Oakley Guy, did you choose a coop build? If you haven't yet, I just want to say that the keep it simple coop looks great to me. Of COURSE you can add windows! If you put them on the lee side, you can make them of mesh and not even cover them. (Mine in my hoop coop are uncovered mesh, and the chickens do FINE in northern Colorado.) I have used deck boxes about this size as huddle/overnight shelter, and as many as a dozen LF LS have crammed themselves into a single box (rather than use the several I provided them). Not recommending it, though.

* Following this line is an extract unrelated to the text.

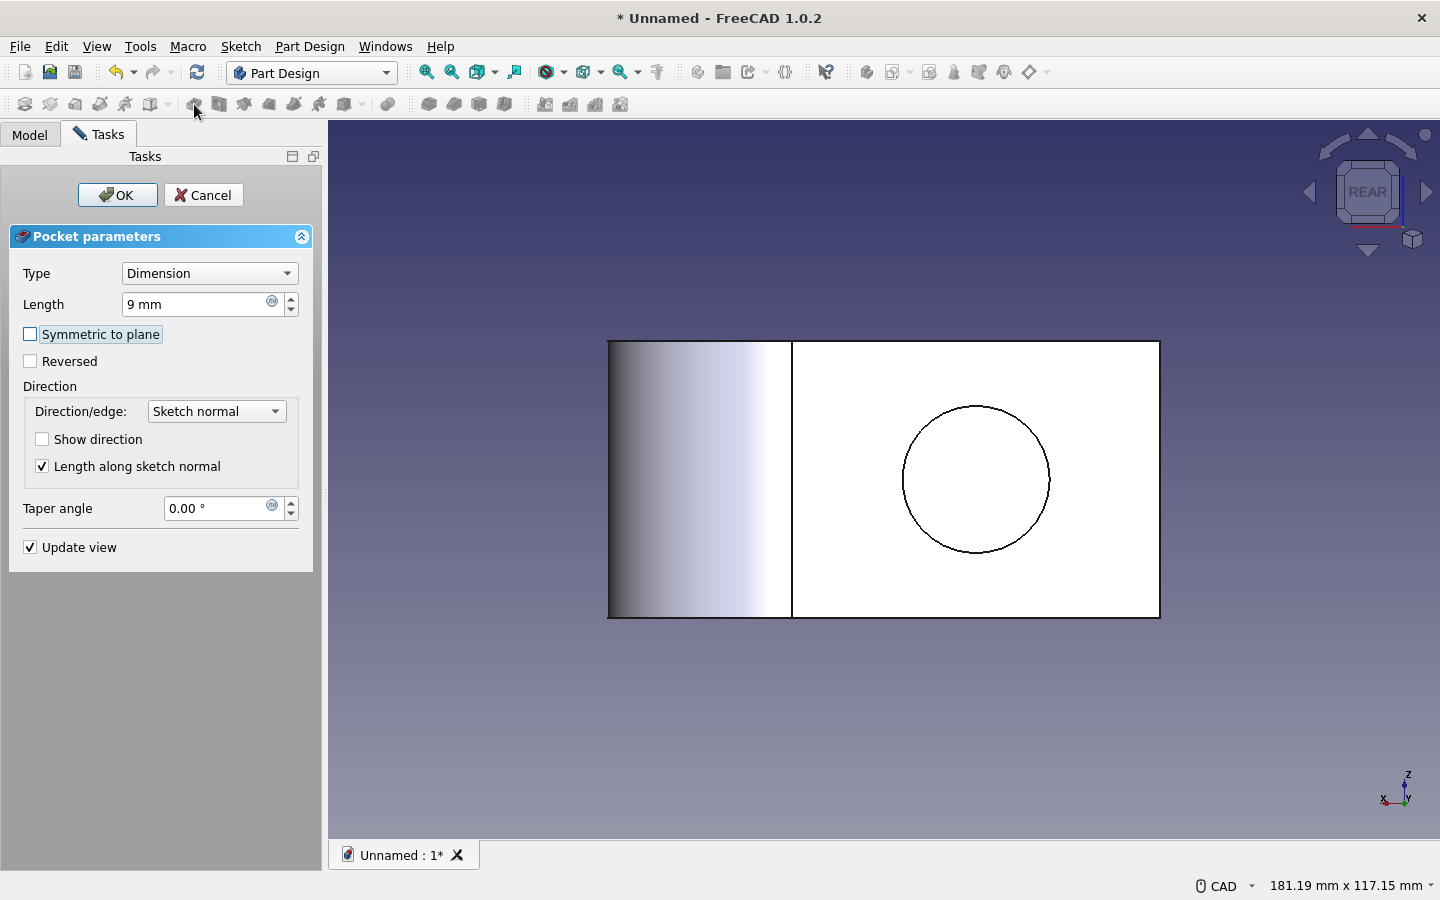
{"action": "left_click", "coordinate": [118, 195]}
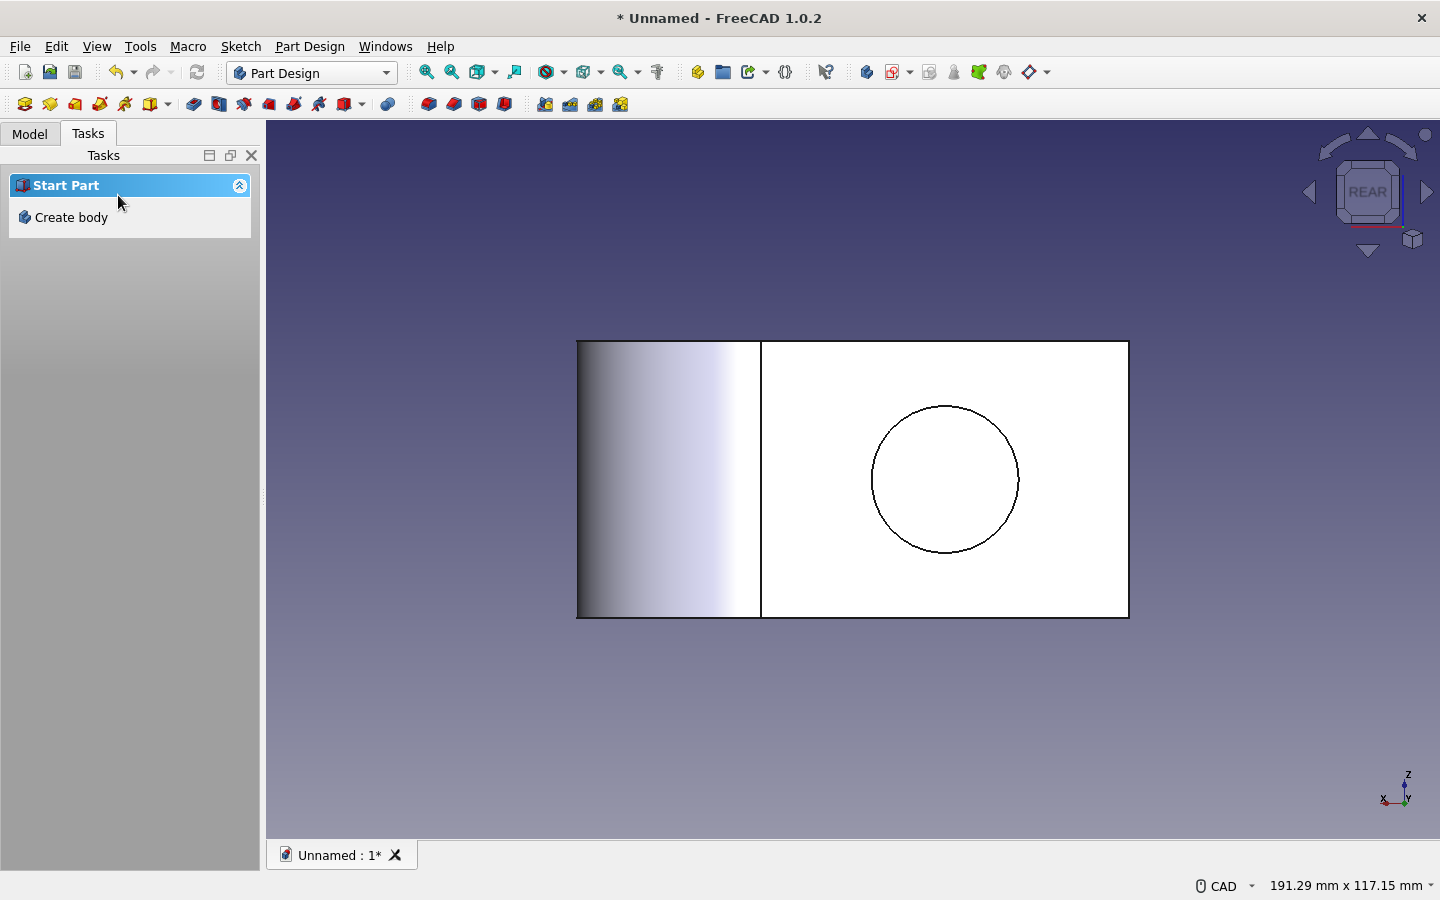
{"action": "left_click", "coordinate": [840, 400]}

Some things about this basic coop: if you notice in the photos, it is located under a covering in a pen. Using it with overhead protection allows for the lid to be open even in winter, which is absolutely the best way to ventilate, essential to keeping your birds alive, in both summer and winter. In one of my coops, there is an opening - a pop door to a run, actually - on the bottom, on the west side; there is a mesh window in each of two man doors opening to the south. That is ALL. And the ventilation in this coop is superb: cool air comes in from the bottom and exits as warmer air at the door openings. A breeze is actually CREATED with this arrangement. This is a bigger coop that came with the property, btw. For my deck box coops, I pounded 3' rebar stakes in the ground to form support for the pvc pipe looped over the boxes, and attached tarp to cover. This allows me to keep the lid to the box cracked open for ventilation in the summer AND in winter.
Another thing about the coop: the second version is sloped, and I'm guessing this was to give the rooster a little more room to flaunt his magnificent tail. BUT, roosters sleep with their tail DOWN, so the higher back isn't really needed for that. It's not really high enough to shed snow, either, and if it were, it would all be falling down to the front, not fun if you don't like wading through puddles /snowbanks to service your coop after a good precipitation. Again, a cover over your coop will solve a lot of that problem. You can use the first iteration and save on waste plywood. You could also use the second iteration and slope the roof to the back instead of to the front. Depends how high you want to be lifting food and water into your coop.
I like to use external feed and water vessels that open into the inside of the coop - easy with horizontal nipples and the popular bucket feeders; these make it especially easy to service the coop in winter. Like externally mounted nesting boxes. I love Ute Pass's bucket nest boxes.
Consider using a lighter IR reflective material for the lid/roof.
I am not too sure about tipping the coop over, hauling it around, and emptying into a compost. Making the front into double doors that swing outward makes sense to me for cleaning, but there goes "simple." Also, in the interest of reducing simplicity, I would have it be essentially without a floor, having just earth and deep litter for the bottom. Design is everything with this - and research.
I HAVE NOT built this coop; I have a lot of used plywood about, and think it's a good doable design for some of my needs. It's a good starte coop, it will serve a breeder group, it can be an isolation/recuperation coop, it can be a brooder coop, and it can provide overnight shelter for several chickens in winter - if you take care of the ventilation issues and any other protection it might need from the elements. I like the clear directions. Am not that handy myself, but I think I could make one of these. You can always use the excess plywood for making feed and water stands, maybe nest boxes, and you'll be glad you have it.